Depois de remover o anel de borracha antigo, temos a figura dividida em 3. Agora, é preciso abrir o torso para inserir o novo anel (O-Ring). Eu costumo fazer estes serviços numa base suave, de espuma. Pode ser um preciosismo, mas não gosto das minhas figuras com tinta lascada, e algumas são bem frágeis. Um pano por baixo ou material esponjoso serve perfeitamente.


Para isso vamos usar uma chave para cabeça philips. Ou ponteira philips como quiserem.


É importante ter a ferramente certa para o serviço, para não moer o parafuso que nem sempre está nas melhores condições e apresenta por vezes oxidação. Por isso, é importante assegurar uma boa conexação.


Podemos agora observar as diferentes partes que compõem uma figura vintage de G.I.Joe - A Real American Hero, ou Action Force da Hasbro, claro está. E o O-Ring pronto para o seu novo lar.


A 1ª fase da operação é encaixar o anel e com sucesso fazê-lo passar pela peça da cintura. Depois de engatado no gancho das pernas, apertamos o anel para que atravesse a peça da cintura que deverá estar perpendicular às pernas de modo a que passe sem esforço. E metade do trabalho estará feito!


A 2ª fase exige alguma calma, porque a tensão do anel pode provocar algum desespero nos iniciantes, mas ao fim de 2, 3 figuras já serão mestres na arte. Pegamos assim na parte das costas do torso, e inserimos o anel da zona do parafuso. Puxamos de forma a que a borracha passe o fosso de união com a cintura.

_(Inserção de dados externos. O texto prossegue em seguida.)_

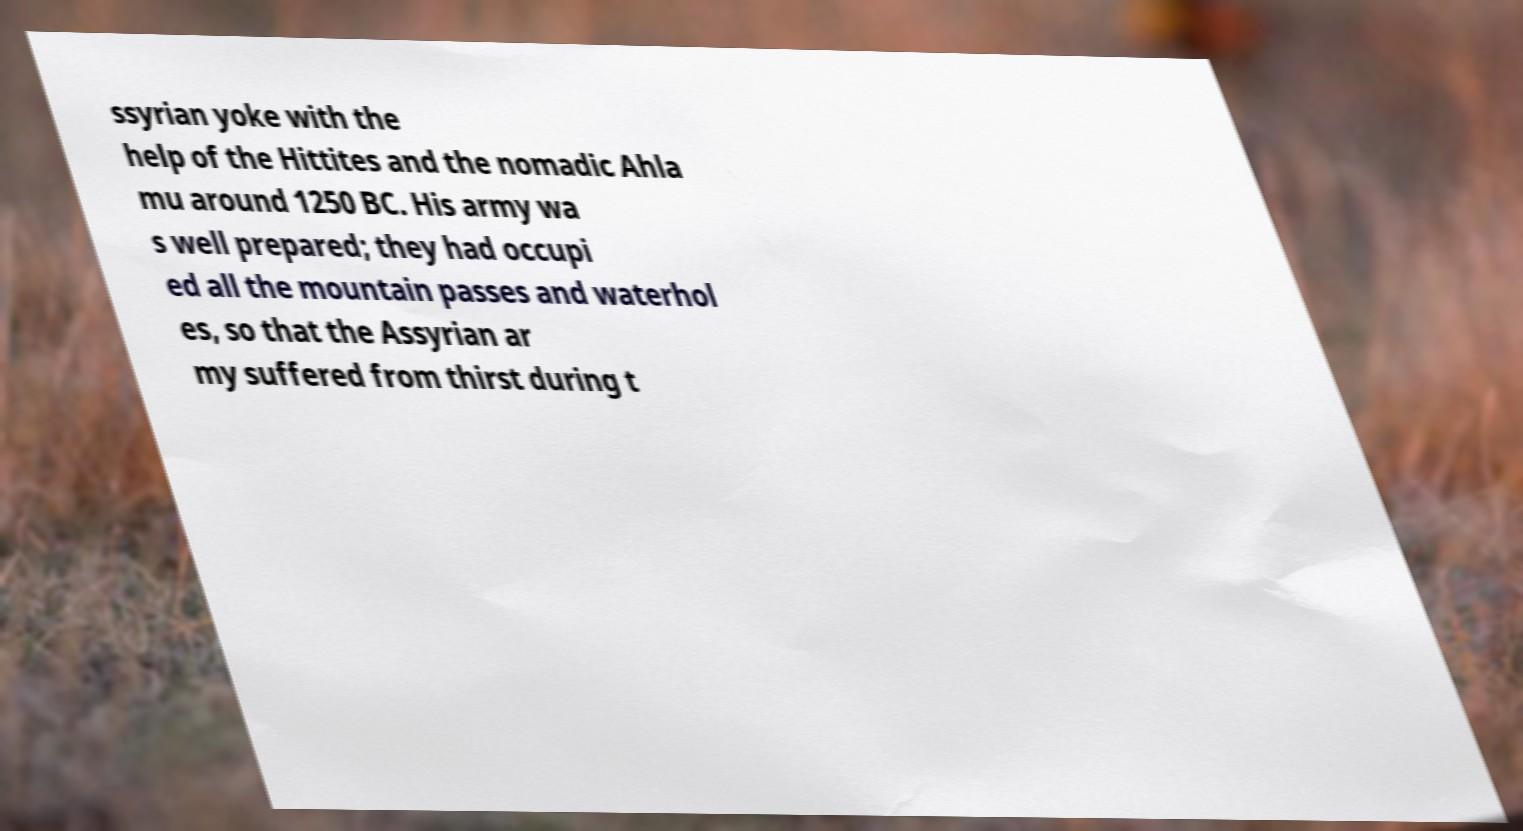Could you assist in decoding the text presented in this image and type it out clearly? ssyrian yoke with the help of the Hittites and the nomadic Ahla mu around 1250 BC. His army wa s well prepared; they had occupi ed all the mountain passes and waterhol es, so that the Assyrian ar my suffered from thirst during t

Esta é a fase que exige um pouco mais de atenção. Ao endireitar a parte de trás do torso de forma a ficar alinhada com as pernas, temos de a segurar porque a tensão do anel vai estar a produzir força. Mantendo a figura nessa posição, encaixamos os braços que devem ficar dobrados para baixo. Assim, não vão cair quando encaixarmos a frente do torso.


Nunca largando o conjunto que havíamos já montado, cuidadosamente colocamos a frente, sem encaixar completamente a frente na parte de trás. Porquê? Porque falta a cabeça.

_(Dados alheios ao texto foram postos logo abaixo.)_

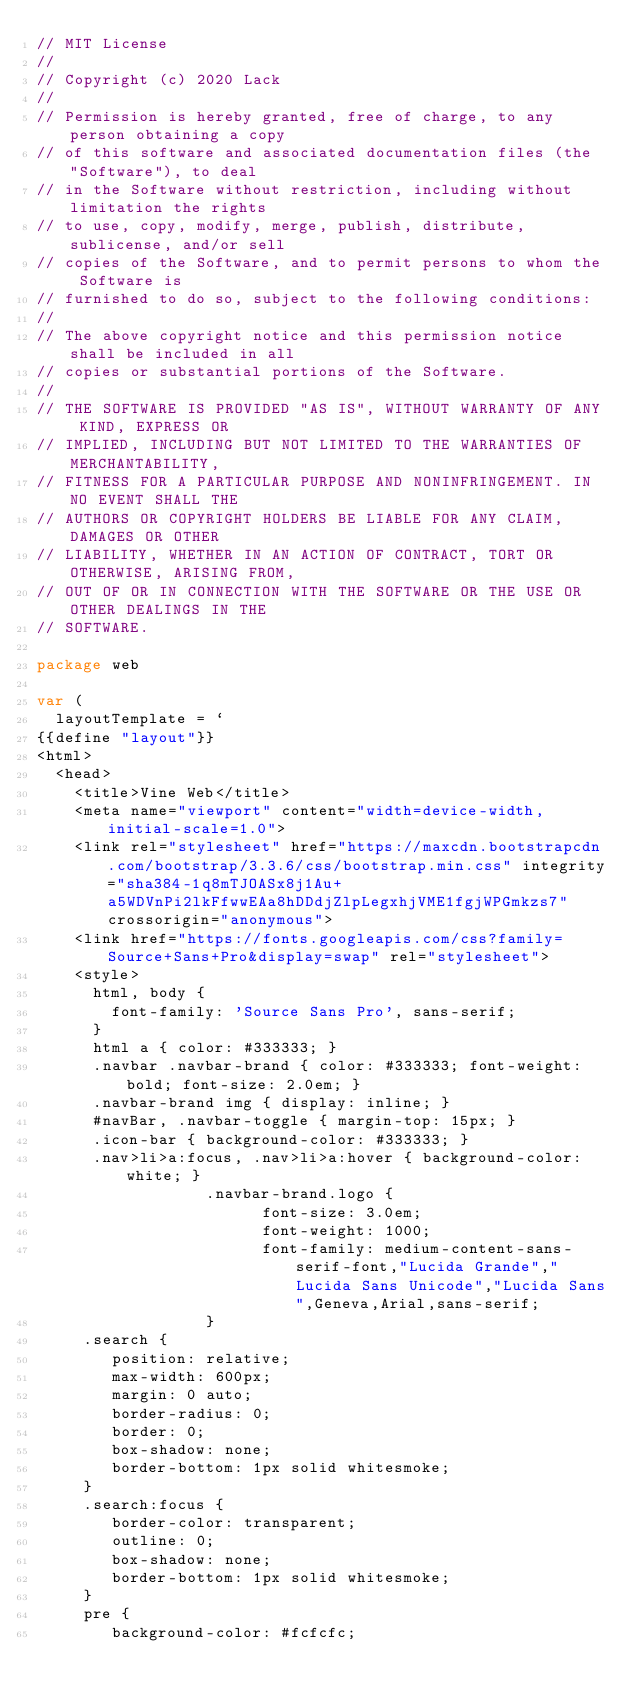<code> <loc_0><loc_0><loc_500><loc_500><_Go_>// MIT License
//
// Copyright (c) 2020 Lack
//
// Permission is hereby granted, free of charge, to any person obtaining a copy
// of this software and associated documentation files (the "Software"), to deal
// in the Software without restriction, including without limitation the rights
// to use, copy, modify, merge, publish, distribute, sublicense, and/or sell
// copies of the Software, and to permit persons to whom the Software is
// furnished to do so, subject to the following conditions:
//
// The above copyright notice and this permission notice shall be included in all
// copies or substantial portions of the Software.
//
// THE SOFTWARE IS PROVIDED "AS IS", WITHOUT WARRANTY OF ANY KIND, EXPRESS OR
// IMPLIED, INCLUDING BUT NOT LIMITED TO THE WARRANTIES OF MERCHANTABILITY,
// FITNESS FOR A PARTICULAR PURPOSE AND NONINFRINGEMENT. IN NO EVENT SHALL THE
// AUTHORS OR COPYRIGHT HOLDERS BE LIABLE FOR ANY CLAIM, DAMAGES OR OTHER
// LIABILITY, WHETHER IN AN ACTION OF CONTRACT, TORT OR OTHERWISE, ARISING FROM,
// OUT OF OR IN CONNECTION WITH THE SOFTWARE OR THE USE OR OTHER DEALINGS IN THE
// SOFTWARE.

package web

var (
	layoutTemplate = `
{{define "layout"}}
<html>
	<head>
		<title>Vine Web</title>
		<meta name="viewport" content="width=device-width, initial-scale=1.0">
		<link rel="stylesheet" href="https://maxcdn.bootstrapcdn.com/bootstrap/3.3.6/css/bootstrap.min.css" integrity="sha384-1q8mTJOASx8j1Au+a5WDVnPi2lkFfwwEAa8hDDdjZlpLegxhjVME1fgjWPGmkzs7" crossorigin="anonymous">
		<link href="https://fonts.googleapis.com/css?family=Source+Sans+Pro&display=swap" rel="stylesheet">
		<style>
		  html, body {
		    font-family: 'Source Sans Pro', sans-serif;
		  }
		  html a { color: #333333; }
		  .navbar .navbar-brand { color: #333333; font-weight: bold; font-size: 2.0em; }
		  .navbar-brand img { display: inline; }
		  #navBar, .navbar-toggle { margin-top: 15px; }
		  .icon-bar { background-color: #333333; }
		  .nav>li>a:focus, .nav>li>a:hover { background-color: white; }
                  .navbar-brand.logo {
                        font-size: 3.0em;
                        font-weight: 1000;
                        font-family: medium-content-sans-serif-font,"Lucida Grande","Lucida Sans Unicode","Lucida Sans",Geneva,Arial,sans-serif;
                  }
		 .search {
		    position: relative;
		    max-width: 600px;
		    margin: 0 auto;
		    border-radius: 0;
		    border: 0;
		    box-shadow: none;
		    border-bottom: 1px solid whitesmoke;
		 }
		 .search:focus {
		    border-color: transparent;
		    outline: 0;
		    box-shadow: none;
		    border-bottom: 1px solid whitesmoke;
	 	 }
		 pre {
		    background-color: #fcfcfc;</code>

Apoiando com uma mão o corpo do nosso "joe", encaixamos a cabeça num ângulo de 45º e mal ela entre no lugar, imediatamente fechamos a figura. Mas não convém largar, uma vez que ainda falta aparafusar...


Conforme aparafusamos, vemos com felicidade que a figura volta a ter a rigidez de movimentos no pescoço e cintura.


Como nova, e pronta para novas missões! Yo Joe! Ou neste caso... COBRAAAAAAAAAAA!!!